● What the task requires:
When you reproduce the entries below, keep each one exact and drop any pictures.

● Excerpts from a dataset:
********

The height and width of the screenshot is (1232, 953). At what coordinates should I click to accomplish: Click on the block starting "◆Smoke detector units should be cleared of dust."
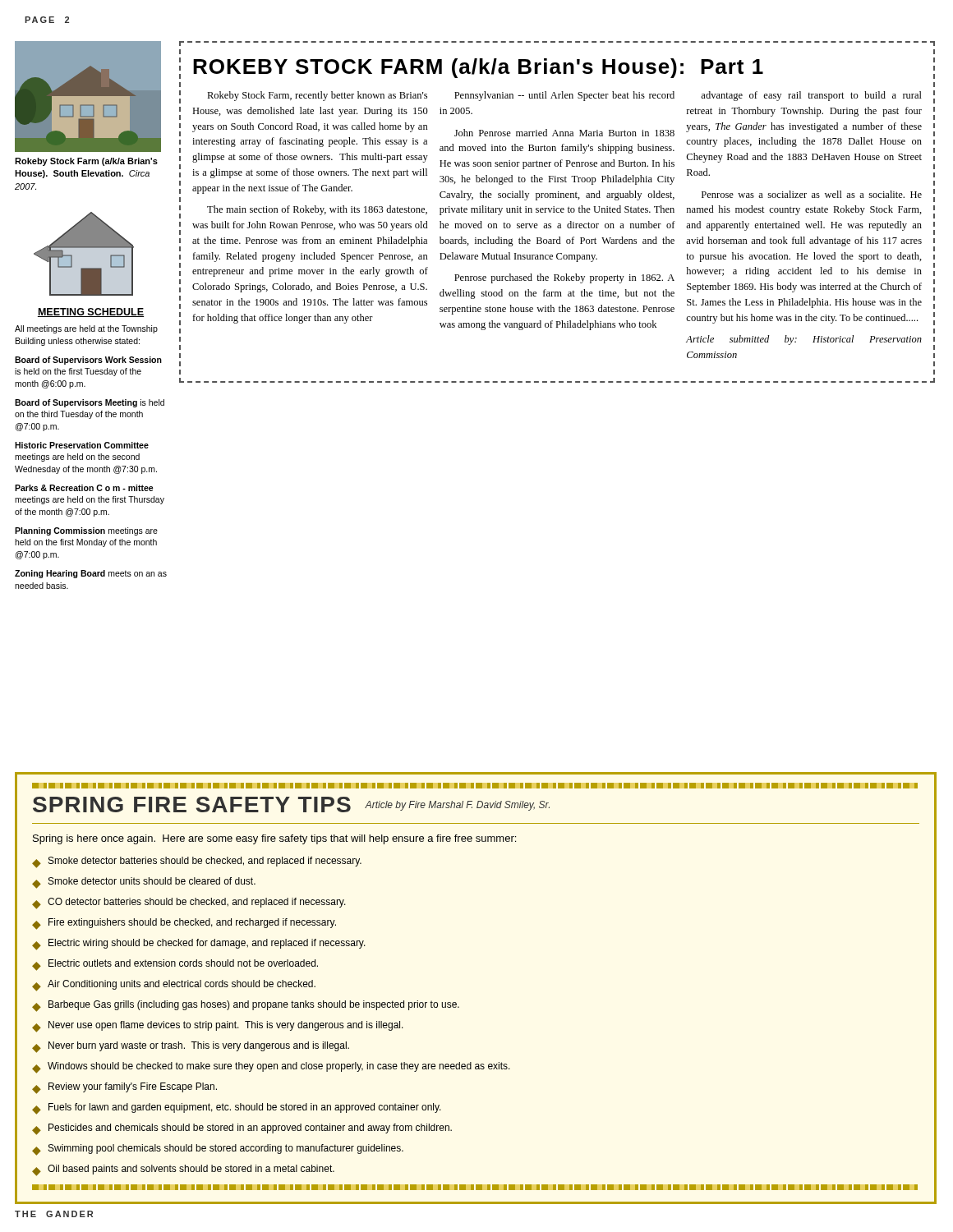coord(144,883)
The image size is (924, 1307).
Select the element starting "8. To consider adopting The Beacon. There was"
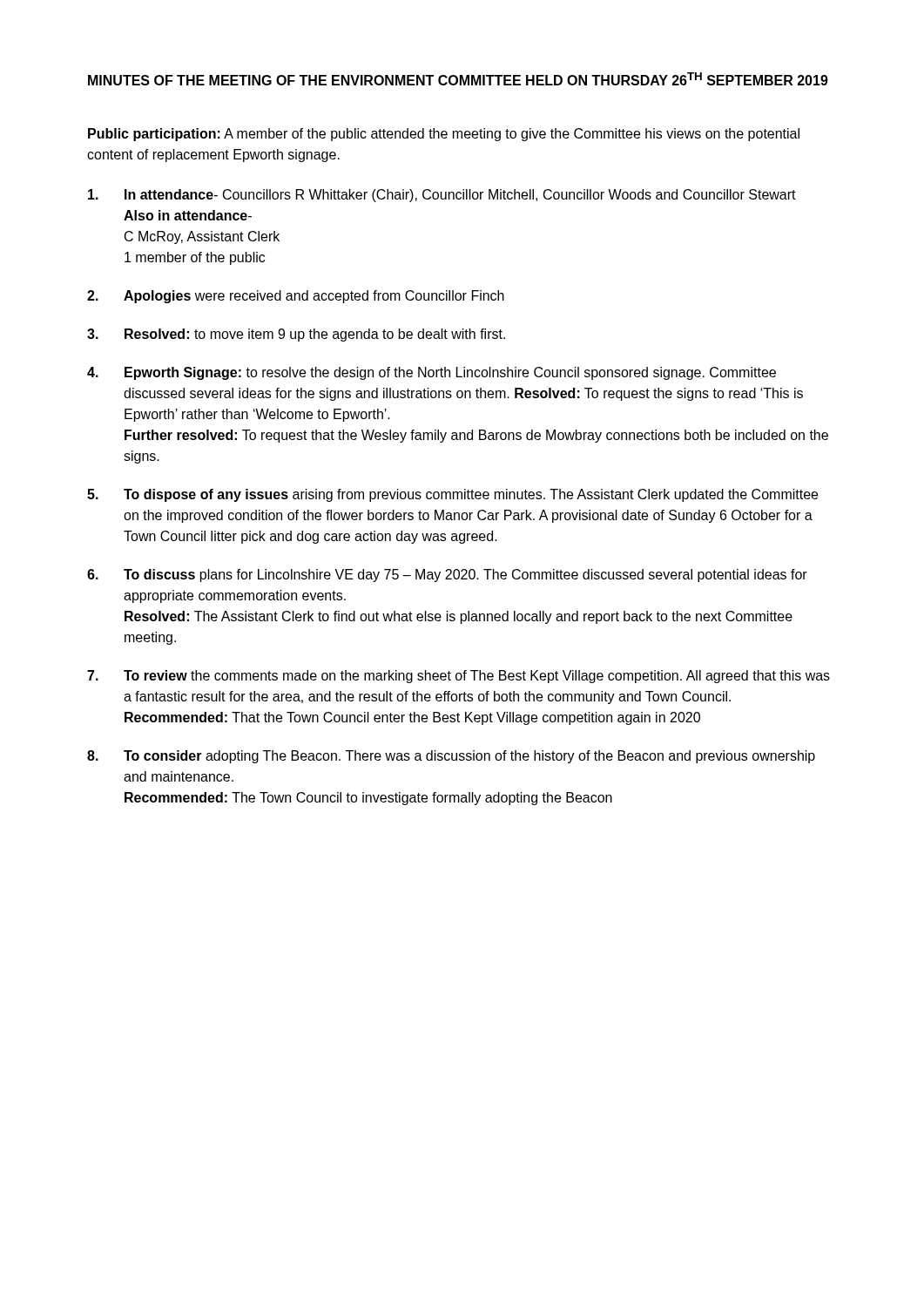click(451, 757)

********

● Solution:
The height and width of the screenshot is (1232, 953). At what coordinates should I click to accomplish: Click on the block starting "◆Smoke detector units should be cleared of dust."
coord(144,883)
The image size is (924, 1307).
Select the element starting "8. To consider adopting The Beacon. There was"
click(451, 757)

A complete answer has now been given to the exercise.